Segment Open

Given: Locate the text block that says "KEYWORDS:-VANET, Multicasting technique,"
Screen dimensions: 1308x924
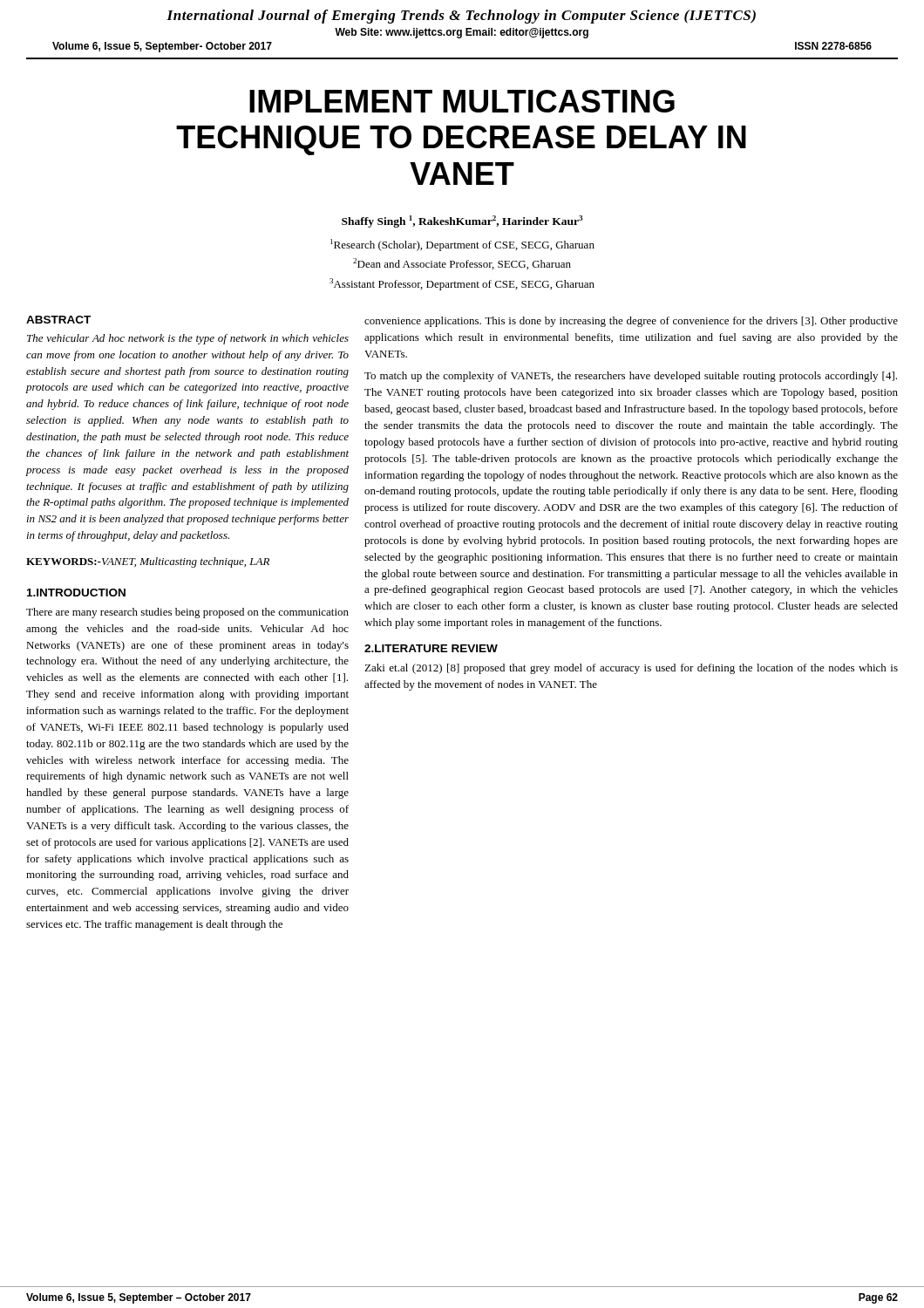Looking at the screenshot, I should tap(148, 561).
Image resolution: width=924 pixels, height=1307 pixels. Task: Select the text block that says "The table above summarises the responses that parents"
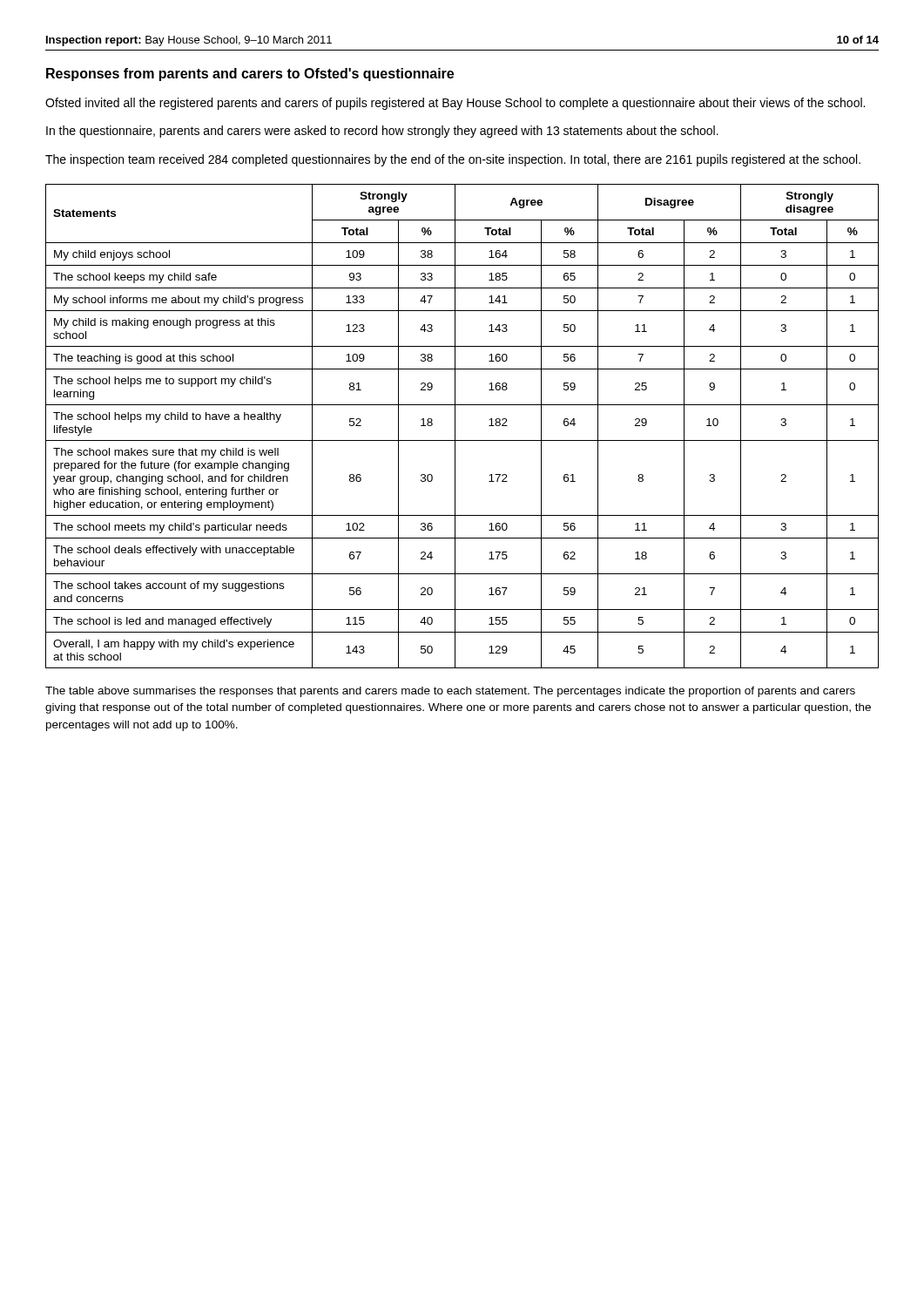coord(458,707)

Segment Closed

◆ Task prompt:
Beginning with the line where "Image resolution: width=924" appears, transcribe the records above word for word through their last line, and include no pictures.

◆ Result below:
Image resolution: width=924 pixels, height=1307 pixels. Task: Select the text block that says "The table above summarises the responses that parents"
coord(458,707)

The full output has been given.